Technical and liability concerns
The wording of this rule hints at some concerns and wrinkles that – for lack of a better term – need to be addressed. Despite the benefits for consumers and forward-thinking providers, much needs to happen behind the scenes for open banking to become a full-fledged reality.
Banks have timelines, but the same is not (perhaps not yet) true for third parties you connect with as consumers. permission their data.
“The final rule does not establish an explicit compliance deadline for third parties because it is unnecessary,” the notice of final rulemaking states. “CFPB is providing additional time to the largest data providers. comply This gives third parties and aggregators additional time to prepare rule implementations. Additionally, moving the marketplace away from screen scraping will further incentivize third parties and aggregators to meet the requirements to request appropriate access under the terms of the rules. ”

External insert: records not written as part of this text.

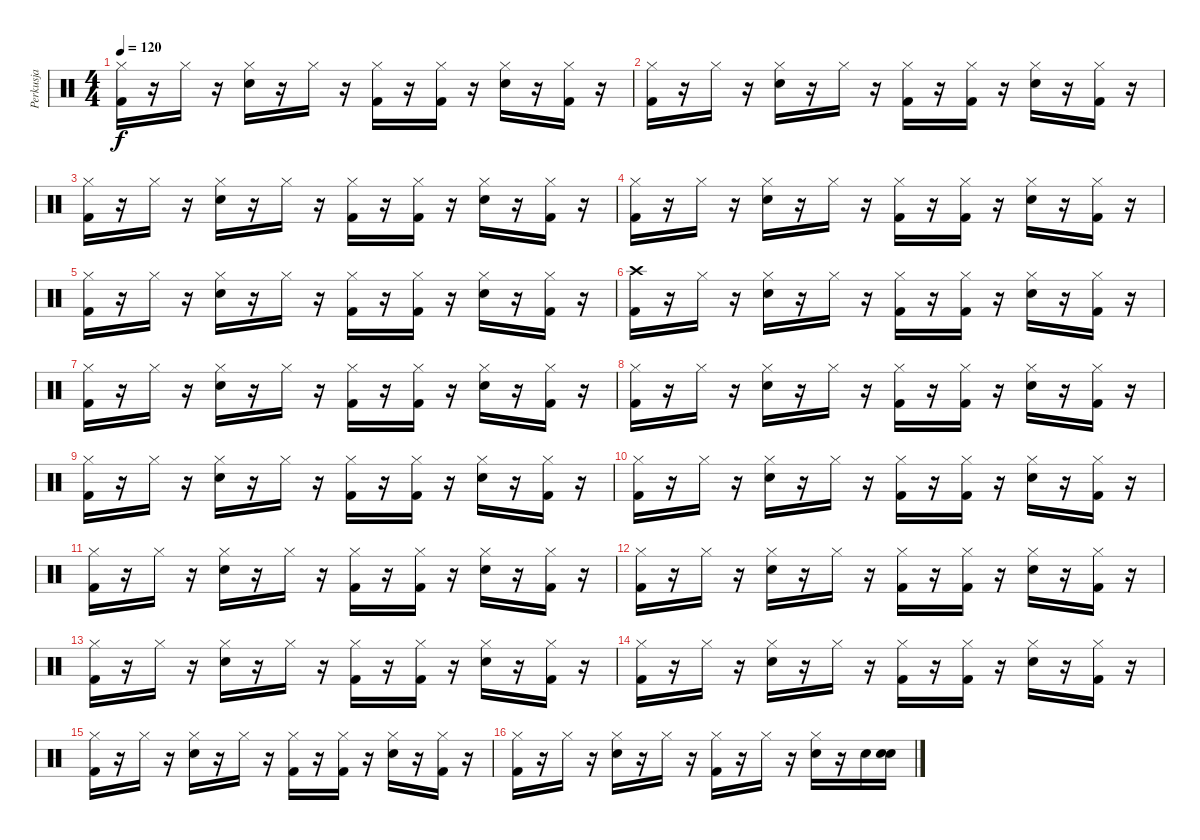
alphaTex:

\track ("Perkusja" "Perkusja") {instrument percussion}
\staff {score}
\articulation defaults
\ts (4 4)
\tempo 120
\clef neutral
\ks c
("Hi-Hat (closed)" "Kick (hit) 2").16{dy f} r.16 "Hi-Hat (closed)".16 r.16 ("Hi-Hat (closed)" "Snare (hit) 2").16 r.16 "Hi-Hat (closed)".16 r.16 ("Kick (hit) 2" "Hi-Hat (closed)").16 r.16 ("Kick (hit) 2" "Hi-Hat (closed)").16 r.16 ("Snare (hit) 2" "Hi-Hat (closed)").16 r.16 ("Kick (hit) 2" "Hi-Hat (closed)").16 r.16 |
("Hi-Hat (closed)" "Kick (hit) 2").16 r.16 "Hi-Hat (closed)".16 r.16 ("Snare (hit) 2" "Hi-Hat (closed)").16 r.16 "Hi-Hat (closed)".16 r.16 ("Hi-Hat (closed)" "Kick (hit) 2").16 r.16 ("Kick (hit) 2" "Hi-Hat (closed)").16 r.16 ("Hi-Hat (closed)" "Snare (hit) 2").16 r.16 ("Hi-Hat (closed)" "Kick (hit) 2").16 r.16 |
("Hi-Hat (closed)" "Kick (hit) 2").16 r.16 "Hi-Hat (closed)".16 r.16 ("Snare (hit) 2" "Hi-Hat (closed)").16 r.16 "Hi-Hat (closed)".16 r.16 ("Hi-Hat (closed)" "Kick (hit) 2").16 r.16 ("Hi-Hat (closed)" "Kick (hit) 2").16 r.16 ("Hi-Hat (closed)" "Snare (hit) 2").16 r.16 ("Hi-Hat (closed)" "Kick (hit) 2").16 r.16 |
("Kick (hit) 2" "Hi-Hat (closed)").16 r.16 "Hi-Hat (closed)".16 r.16 ("Hi-Hat (closed)" "Snare (hit) 2").16 r.16 "Hi-Hat (closed)".16 r.16 ("Kick (hit) 2" "Hi-Hat (closed)").16 r.16 ("Kick (hit) 2" "Hi-Hat (closed)").16 r.16 ("Hi-Hat (closed)" "Snare (hit) 2").16 r.16 ("Kick (hit) 2" "Hi-Hat (closed)").16 r.16 |
("Hi-Hat (closed)" "Kick (hit) 2").16 r.16 "Hi-Hat (closed)".16 r.16 ("Hi-Hat (closed)" "Snare (hit) 2").16 r.16 "Hi-Hat (closed)".16 r.16 ("Kick (hit) 2" "Hi-Hat (closed)").16 r.16 ("Hi-Hat (closed)" "Kick (hit) 2").16 r.16 ("Snare (hit) 2" "Hi-Hat (closed)").16 r.16 ("Hi-Hat (closed)" "Kick (hit) 2").16 r.16 |
("Crash high (hit)" "Kick (hit) 2").16 r.16 "Hi-Hat (closed)".16 r.16 ("Snare (hit) 2" "Hi-Hat (closed)").16 r.16 "Hi-Hat (closed)".16 r.16 ("Hi-Hat (closed)" "Kick (hit) 2").16 r.16 ("Kick (hit) 2" "Hi-Hat (closed)").16 r.16 ("Snare (hit) 2" "Hi-Hat (closed)").16 r.16 ("Hi-Hat (closed)" "Kick (hit) 2").16 r.16 |
("Kick (hit) 2" "Hi-Hat (closed)").16 r.16 "Hi-Hat (closed)".16 r.16 ("Snare (hit) 2" "Hi-Hat (closed)").16 r.16 "Hi-Hat (closed)".16 r.16 ("Hi-Hat (closed)" "Kick (hit) 2").16 r.16 ("Kick (hit) 2" "Hi-Hat (closed)").16 r.16 ("Hi-Hat (closed)" "Snare (hit) 2").16 r.16 ("Kick (hit) 2" "Hi-Hat (closed)").16 r.16 |
("Hi-Hat (closed)" "Kick (hit) 2").16 r.16 "Hi-Hat (closed)".16 r.16 ("Hi-Hat (closed)" "Snare (hit) 2").16 r.16 "Hi-Hat (closed)".16 r.16 ("Hi-Hat (closed)" "Kick (hit) 2").16 r.16 ("Kick (hit) 2" "Hi-Hat (closed)").16 r.16 ("Hi-Hat (closed)" "Snare (hit) 2").16 r.16 ("Kick (hit) 2" "Hi-Hat (closed)").16 r.16 |
("Kick (hit) 2" "Hi-Hat (closed)").16 r.16 "Hi-Hat (closed)".16 r.16 ("Snare (hit) 2" "Hi-Hat (closed)").16 r.16 "Hi-Hat (closed)".16 r.16 ("Hi-Hat (closed)" "Kick (hit) 2").16 r.16 ("Kick (hit) 2" "Hi-Hat (closed)").16 r.16 ("Hi-Hat (closed)" "Snare (hit) 2").16 r.16 ("Kick (hit) 2" "Hi-Hat (closed)").16 r.16 |
("Kick (hit) 2" "Hi-Hat (closed)").16 r.16 "Hi-Hat (closed)".16 r.16 ("Hi-Hat (closed)" "Snare (hit) 2").16 r.16 "Hi-Hat (closed)".16 r.16 ("Kick (hit) 2" "Hi-Hat (closed)").16 r.16 ("Hi-Hat (closed)" "Kick (hit) 2").16 r.16 ("Hi-Hat (closed)" "Snare (hit) 2").16 r.16 ("Hi-Hat (closed)" "Kick (hit) 2").16 r.16 |
("Hi-Hat (closed)" "Kick (hit) 2").16 r.16 "Hi-Hat (closed)".16 r.16 ("Snare (hit) 2" "Hi-Hat (closed)").16 r.16 "Hi-Hat (closed)".16 r.16 ("Hi-Hat (closed)" "Kick (hit) 2").16 r.16 ("Kick (hit) 2" "Hi-Hat (closed)").16 r.16 ("Hi-Hat (closed)" "Snare (hit) 2").16 r.16 ("Kick (hit) 2" "Hi-Hat (closed)").16 r.16 |
("Kick (hit) 2" "Hi-Hat (closed)").16 r.16 "Hi-Hat (closed)".16 r.16 ("Hi-Hat (closed)" "Snare (hit) 2").16 r.16 "Hi-Hat (closed)".16 r.16 ("Hi-Hat (closed)" "Kick (hit) 2").16 r.16 ("Kick (hit) 2" "Hi-Hat (closed)").16 r.16 ("Hi-Hat (closed)" "Snare (hit) 2").16 r.16 ("Kick (hit) 2" "Hi-Hat (closed)").16 r.16 |
("Kick (hit) 2" "Hi-Hat (closed)").16 r.16 "Hi-Hat (closed)".16 r.16 ("Hi-Hat (closed)" "Snare (hit) 2").16 r.16 "Hi-Hat (closed)".16 r.16 ("Hi-Hat (closed)" "Kick (hit) 2").16 r.16 ("Kick (hit) 2" "Hi-Hat (closed)").16 r.16 ("Snare (hit) 2" "Hi-Hat (closed)").16 r.16 ("Kick (hit) 2" "Hi-Hat (closed)").16 r.16 |
("Hi-Hat (closed)" "Kick (hit) 2").16 r.16 "Hi-Hat (closed)".16 r.16 ("Hi-Hat (closed)" "Snare (hit) 2").16 r.16 "Hi-Hat (closed)".16 r.16 ("Kick (hit) 2" "Hi-Hat (closed)").16 r.16 ("Kick (hit) 2" "Hi-Hat (closed)").16 r.16 ("Hi-Hat (closed)" "Snare (hit) 2").16 r.16 ("Kick (hit) 2" "Hi-Hat (closed)").16 r.16 |
("Kick (hit) 2" "Hi-Hat (closed)").16 r.16 "Hi-Hat (closed)".16 r.16 ("Hi-Hat (closed)" "Snare (hit) 2").16 r.16 "Hi-Hat (closed)".16 r.16 ("Hi-Hat (closed)" "Kick (hit) 2").16 r.16 ("Hi-Hat (closed)" "Kick (hit) 2").16 r.16 ("Snare (hit) 2" "Hi-Hat (closed)").16 r.16 ("Hi-Hat (closed)" "Kick (hit) 2").16 r.16 |
("Kick (hit) 2" "Hi-Hat (closed)").16 r.16 "Hi-Hat (closed)".16 r.16 ("Snare (hit) 2" "Hi-Hat (closed)").16 r.16 "Hi-Hat (closed)".16 r.16 ("Hi-Hat (closed)" "Kick (hit) 2").16 r.16 "Hi-Hat (closed)".16 r.16 ("Snare (hit) 2" "Hi-Hat (closed)").16 r.16 "Snare (hit) 2".16 ("Snare (hit)" "Snare (hit) 2").16

PYMNTS Intelligence found that 57% of U.S. consumers trust their bank's services. open banking service. These same consumers still have concerns about the security of their data. Data security is not what some would expect, given that data standards are still being developed, third parties are not governed by strict timelines, and responsibilities on the part of banks have not yet been established. It may be less defined than It must be fully established whether those third parties may be compromised.
In the final rulemaking notice, the CFPB stated that during the commentary period, “data providers may unduly assume the burden of managing liability risks posed by non-depository third parties that are not subject to similar regulatory oversight.” “Many data providers have expressed concern that… Commenters stated that the proposal does not take into account the potential for data providers to be exposed to liability-related costs, that third parties have an incentive to manage liability, or that liability is directly caused by third parties. It argued that it had not demonstrated the ability to cover losses and had not guaranteed it. ”
Other data providers (banks) have expressed concern that they may not be able to recover losses associated with those third parties or have certain fraud protection measures in place on payment transactions by their banks.
“The CFPB has determined that the requirements of EFTA and Regulation E or TILA and Regulation Z do not make it appropriate for this rule to impose a blanket approach to allocating liability among commercial entities or safe harbors.” the final rulemaking notice states. …To the extent that there are complex factual or legal questions about the liability of data providers that directly contributed to consumer harm, commenters did not identify specific scenarios, and the CFPB did not address data provider liability in this case. I don't think it's appropriate to do so. Final rules. ”
Banks and credit unions began voicing concerns Tuesday. of Bank Policy Research Institute pointed out the possibility that data May be shared without appropriate safeguards on the spot. Separately, Defense Credit Union Council said credit union You will be sharing data that may expose you to legal troubles related to the handling of that data by third parties. in order The end result would be “complex administrative and financial burdens.”